During his White House briefing Tuesday, Rubio acknowledged that Iran has shown a high tolerance for economic pain but said the U.S. blockade of Iranian ships and ports is an attempt to push the regime to a breaking point. He also took a Trumpian tone in warning Iran about “generational destruction” to its economy, albeit by quoting rapper Ice Cube. “They should check themselves before they wreck themselves,” Rubio said.
Iranian culture in general puts an unusually high value on face-saving. Shame is borne not just by the individual but also their families or the nation. Many Iranians, even those who despise the Islamist regime, bristle at past U.S. interference in their country, such as the CIA role in a 1953 coup that strengthened the monarchy.
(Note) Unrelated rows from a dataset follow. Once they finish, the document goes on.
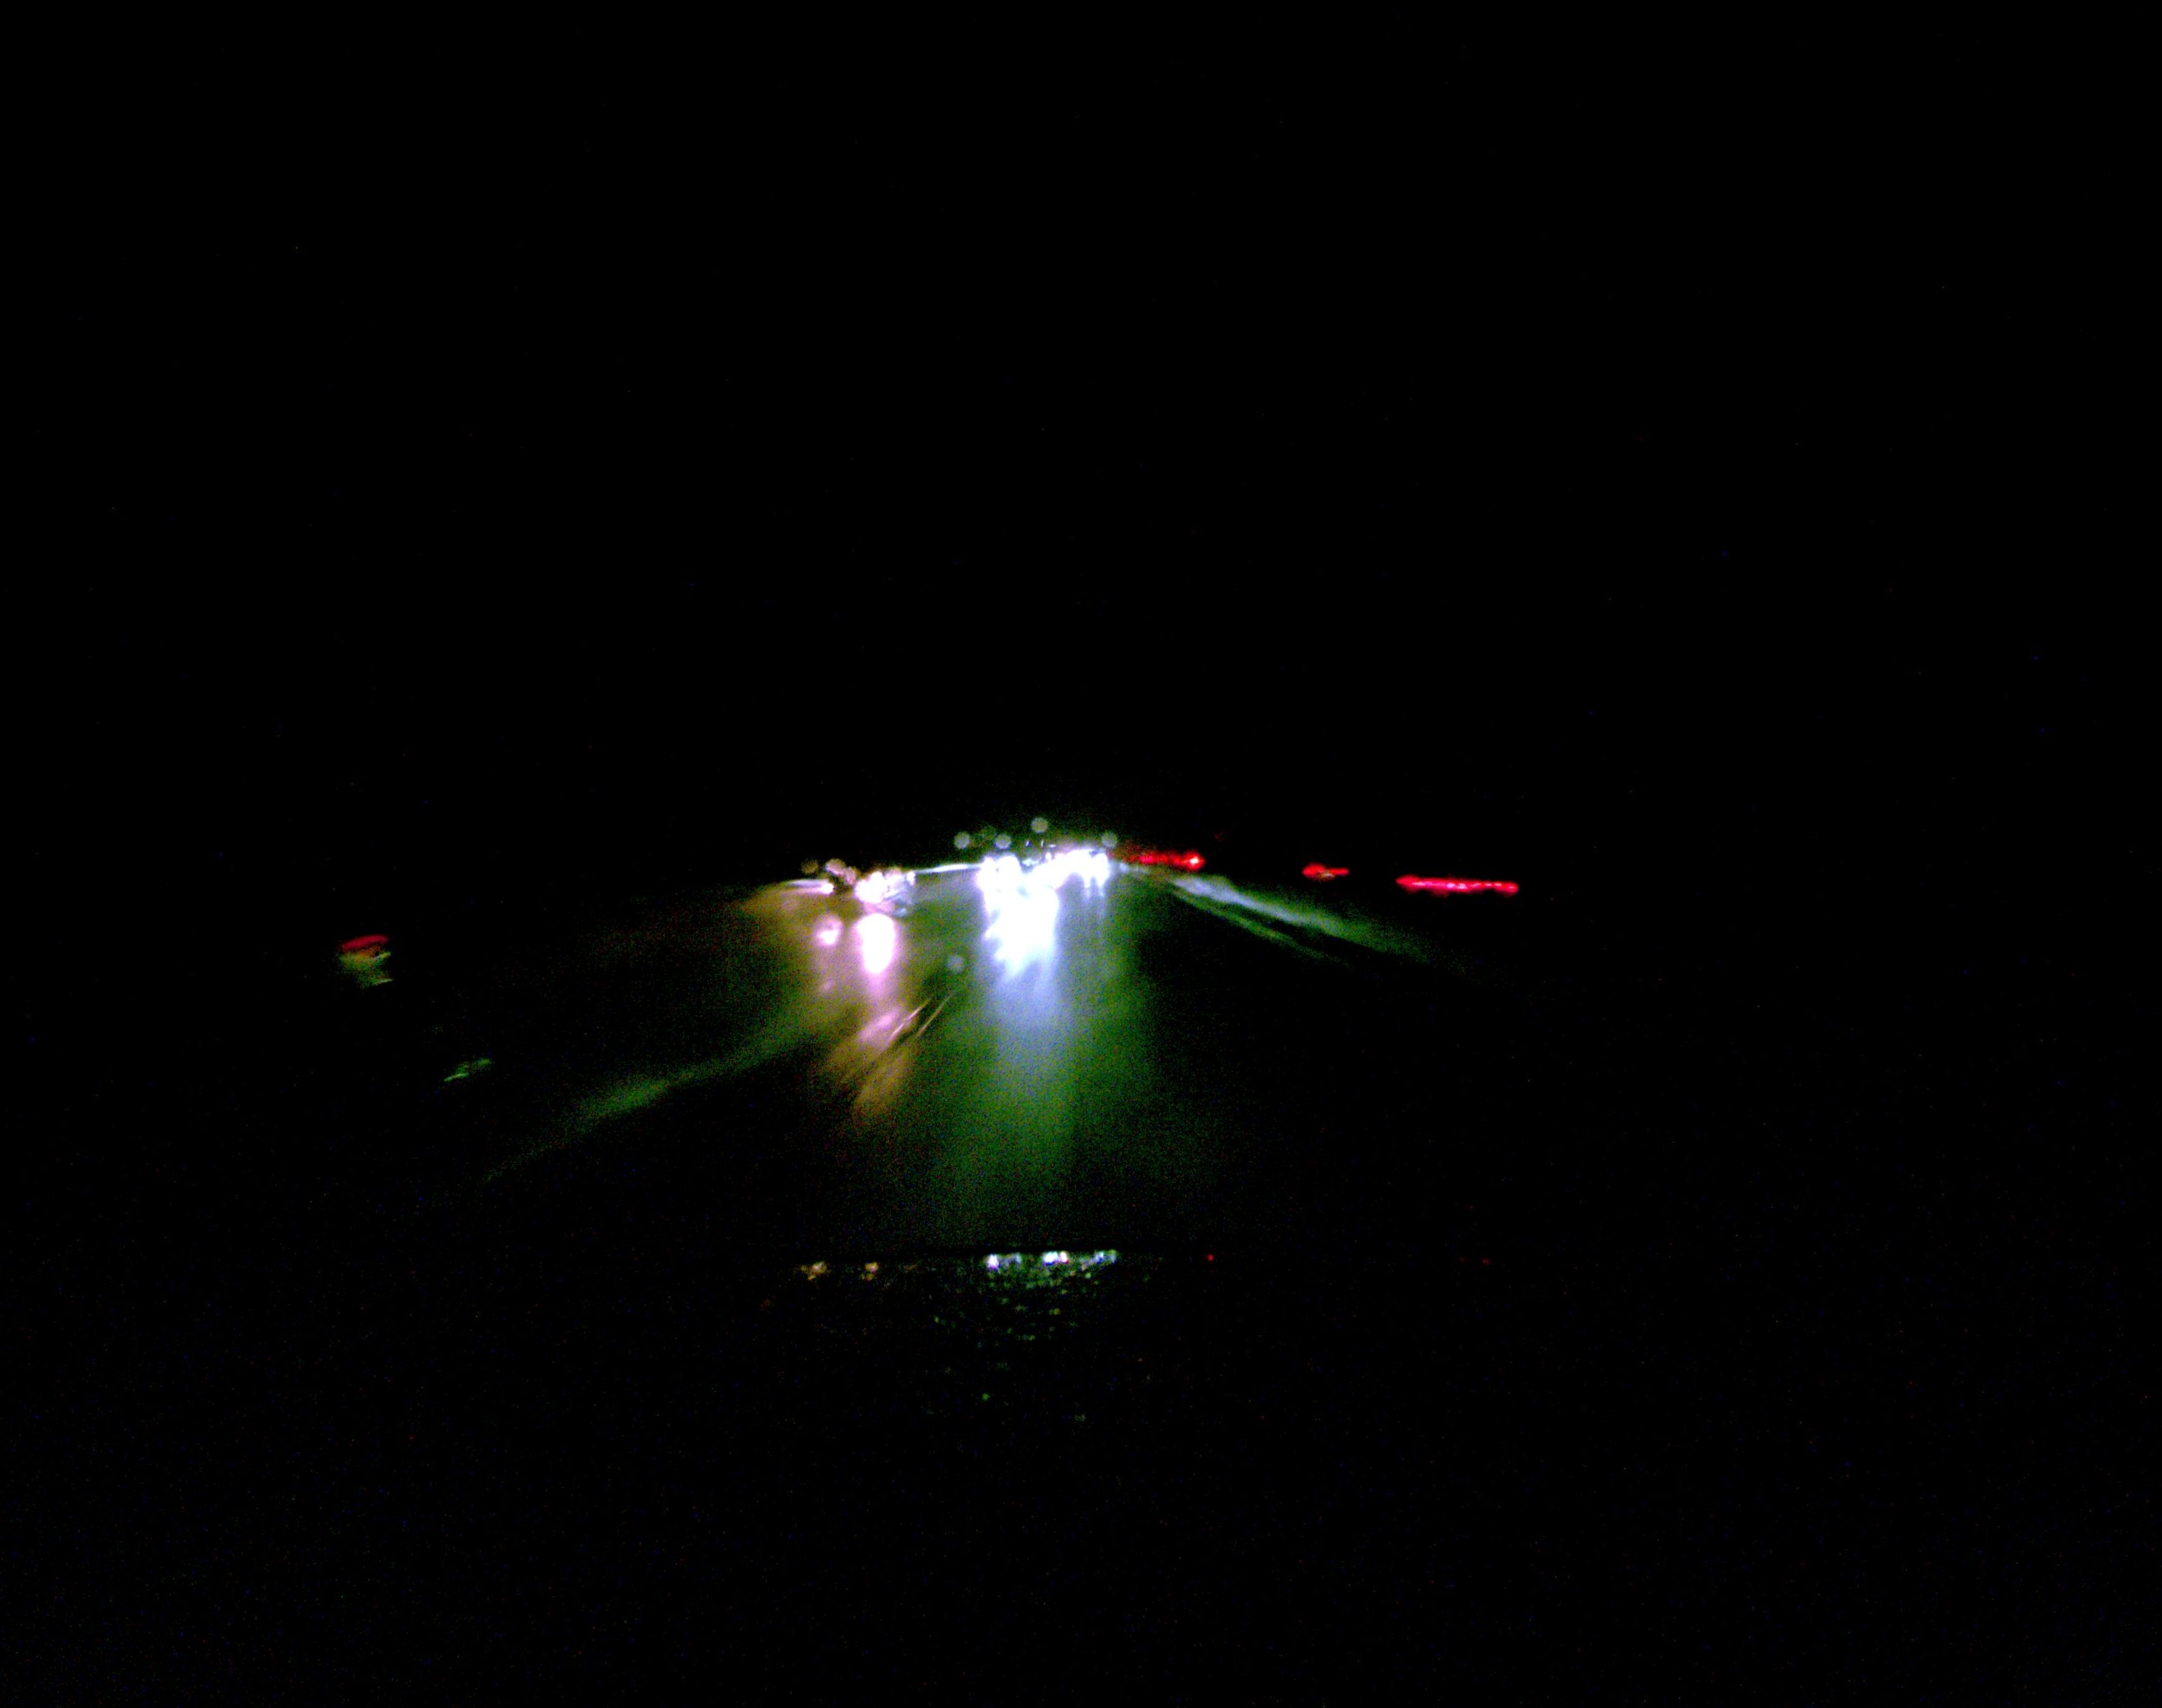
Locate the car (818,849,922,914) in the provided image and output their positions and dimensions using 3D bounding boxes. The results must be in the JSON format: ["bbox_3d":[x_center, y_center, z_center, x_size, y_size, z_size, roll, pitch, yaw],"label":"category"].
[{"bbox_3d":[-7.034,0.837,26.009,2.051,1.962,5.406,-1,0,-1],"label":"car"}]

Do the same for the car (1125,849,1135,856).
[{"bbox_3d":[10.829,-0.300,167.678,1.967,1.337,4.288,-2,0,0],"label":"car"}]

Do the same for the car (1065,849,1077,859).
[{"bbox_3d":[-1.766,-0.037,134.040,1.944,1.521,4.000,-2,1,2],"label":"car"}]

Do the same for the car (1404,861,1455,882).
[{"bbox_3d":[27.669,1.384,60.430,1.868,1.462,4.352,-3,1,-3],"label":"car"}]

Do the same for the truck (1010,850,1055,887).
[{"bbox_3d":[-2.469,0.710,39.750,1.848,1.686,4.854,-2,1,1],"label":"truck"}]

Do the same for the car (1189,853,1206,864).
[{"bbox_3d":[18.039,0.667,117.589,1.877,1.607,4.501,0,0,0],"label":"car"}]

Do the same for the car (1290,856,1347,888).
[{"bbox_3d":[13.607,0.992,43.744,1.866,1.572,4.513,-2,1,1],"label":"car"}]

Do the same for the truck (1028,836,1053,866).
[{"bbox_3d":[-5.828,-0.482,111.106,2.866,4.079,7.014,-3,1,2],"label":"truck"}]

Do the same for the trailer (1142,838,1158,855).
[{"bbox_3d":[19.158,-1.944,212.002,2.894,4.278,15.719,-2,-1,1],"label":"trailer"}]

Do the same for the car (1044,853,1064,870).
[{"bbox_3d":[-2.557,0.720,73.800,1.619,1.494,3.767,-2,1,2],"label":"car"}]

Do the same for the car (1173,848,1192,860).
[{"bbox_3d":[14.427,-0.039,107.987,1.999,1.607,4.745,0,0,0],"label":"car"}]

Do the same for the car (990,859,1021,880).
[{"bbox_3d":[-5.854,1.194,59.178,1.747,1.470,5.366,-3,0,1],"label":"car"}]

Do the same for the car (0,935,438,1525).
[{"bbox_3d":[-3.688,1.107,1.477,1.616,1.404,3.791,-2,1,-1],"label":"car"}]

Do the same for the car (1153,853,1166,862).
[{"bbox_3d":[13.755,0.608,133.515,1.654,1.572,5.128,-2,0,1],"label":"car"}]

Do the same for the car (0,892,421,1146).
[{"bbox_3d":[-7.899,1.173,5.484,1.899,1.477,4.961,-2,0,-1],"label":"car"}]

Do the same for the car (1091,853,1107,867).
[{"bbox_3d":[1.979,0.637,82.722,1.619,1.452,3.767,-2,1,2],"label":"car"}]

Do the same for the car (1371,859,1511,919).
[{"bbox_3d":[9.069,0.816,19.553,1.758,1.354,4.116,0,0,1],"label":"car"}]

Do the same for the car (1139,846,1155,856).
[{"bbox_3d":[10.059,-0.462,116.040,1.999,1.607,4.417,0,0,0],"label":"car"}]
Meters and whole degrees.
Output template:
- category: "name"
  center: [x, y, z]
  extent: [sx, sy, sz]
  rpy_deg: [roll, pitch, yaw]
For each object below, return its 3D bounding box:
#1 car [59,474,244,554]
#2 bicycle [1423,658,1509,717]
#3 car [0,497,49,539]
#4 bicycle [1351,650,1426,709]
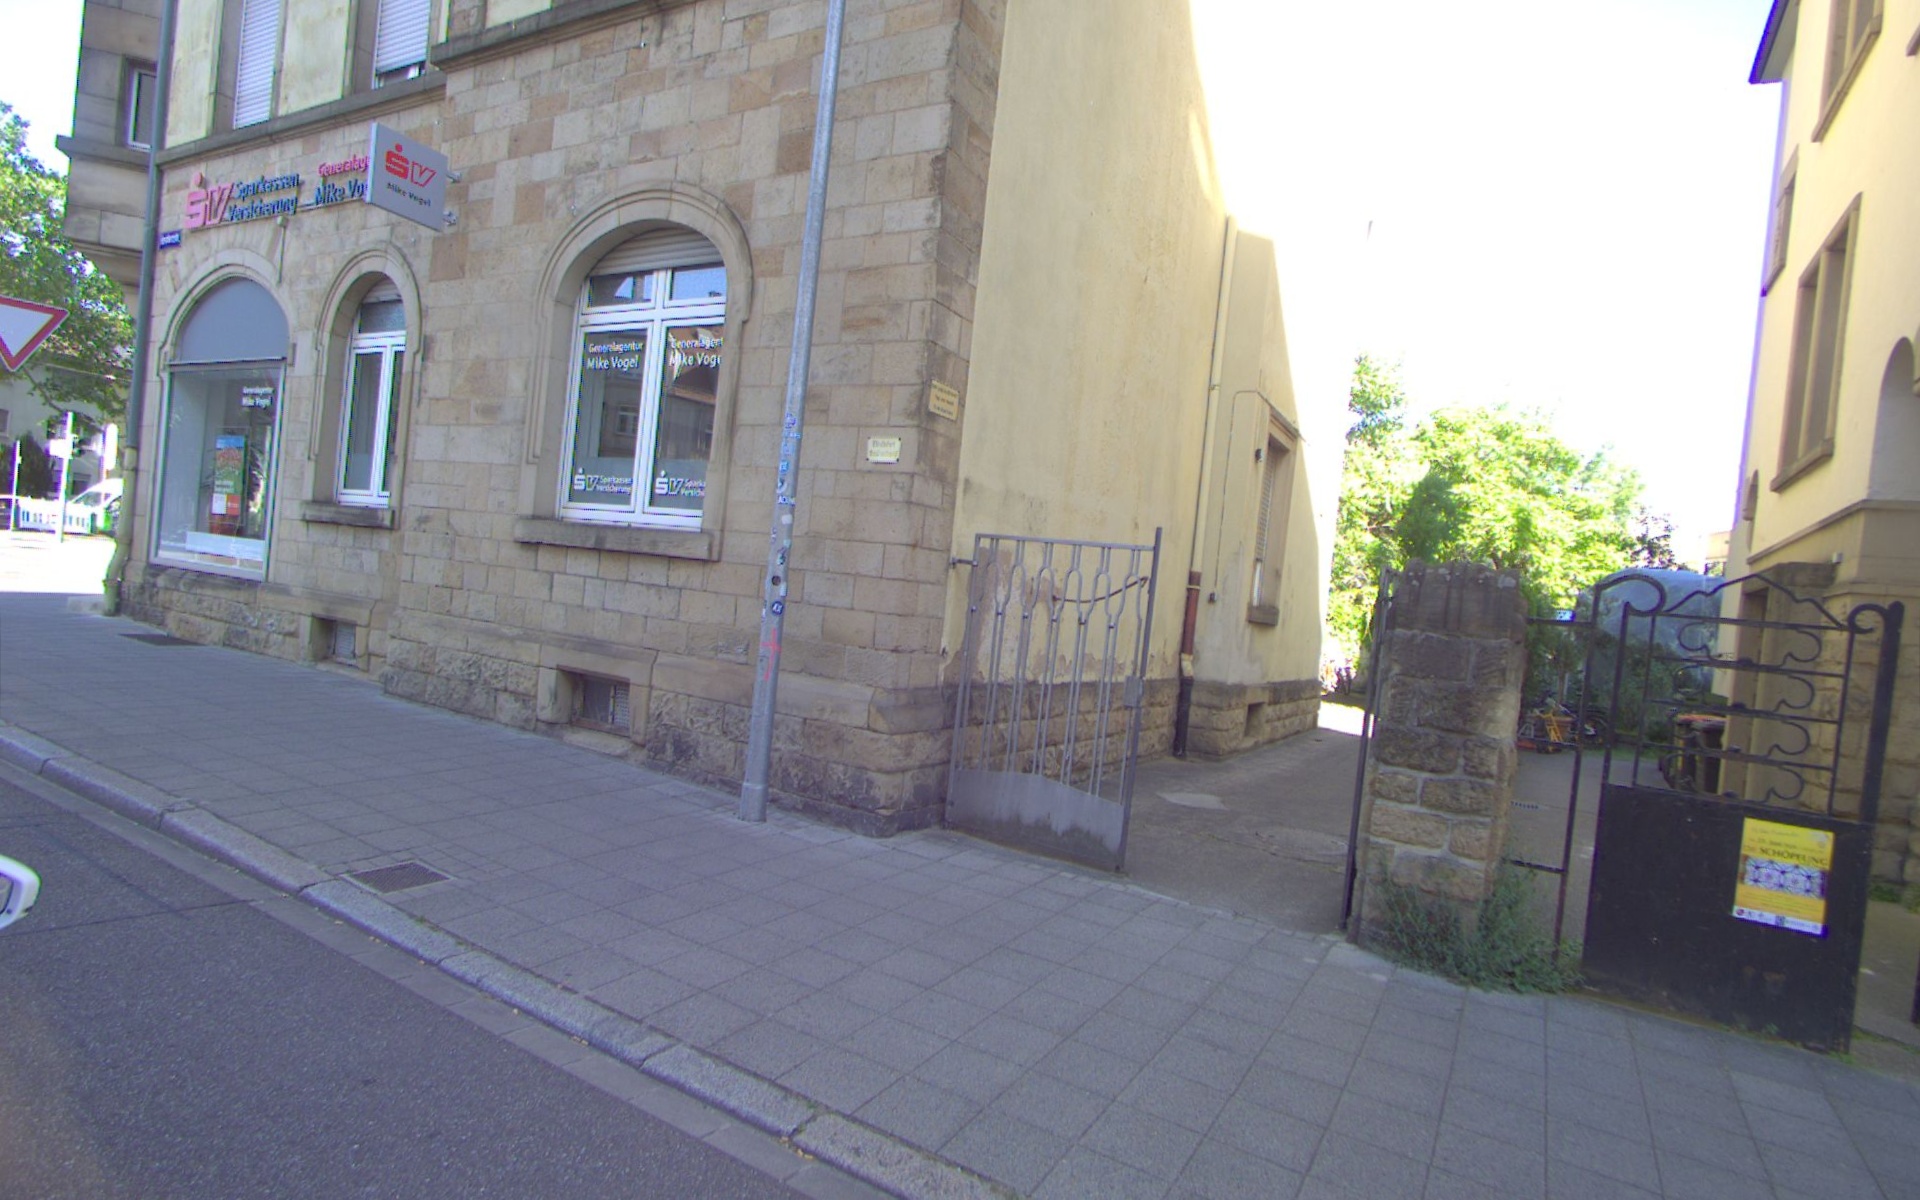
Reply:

Some supporters of the U.S.-Israeli military action against Iran said Trump’s rhetoric is a necessary tactic designed to pressure Iran to make more concessions at a time when it is unusually weak.
While Iran has put a chokehold on the critical Strait of Hormuz waterway, Trump’s own blockade and his refusal to rule out more military strikes gives him considerable leverage over Tehran, they say.
“Part of the president’s strategy appears aimed at forcing Tehran to choose between saving face and losing its head,” said Behnam Ben Taleblu, an Iran analyst with the hawkish Foundation for Defense of Democracies think tank who backs the U.S.-Israeli strikes on Iran.
Some diplomats closely following the talks noted that Iran, having watched Trump for years, may be putting more stock in what his envoys say privately than what he says publicly.
“The real question is not whether Trump’s tone matters — it does. The real question is whether there is a backchannel that compensates for it,” one Arab diplomat said.
Trump has shown in the past that he can switch from attacking to fawning over an adversary. In his nuclear dealings with North Korea’s Kim Jong Un, Trump swerved from deriding Kim as “Little Rocket Man” to saying the pair “fell in love.”
But even with historic face-to-face meetings, Trump and Kim never sealed a deal, and North Korea has steadily grown its nuclear weapons stockpile.
Some officials and analysts wonder if Iran will take a page out of the North Korean playbook and eventually seek nuclear weapons regardless of any agreement with the United States now. After all, Trump is not threatening to attack Pyongyang.
Either way, Iran’s leadership “puts a strong premium on dignity and respect, despite their own often egregious behavior,” said a former senior Western official who has engaged with Iranian officials. “In their eyes, the wild comments from the Trump White House cheapen the U.S. and confirm their sense of self-worth in standing up against a decadent and immoral opponent.”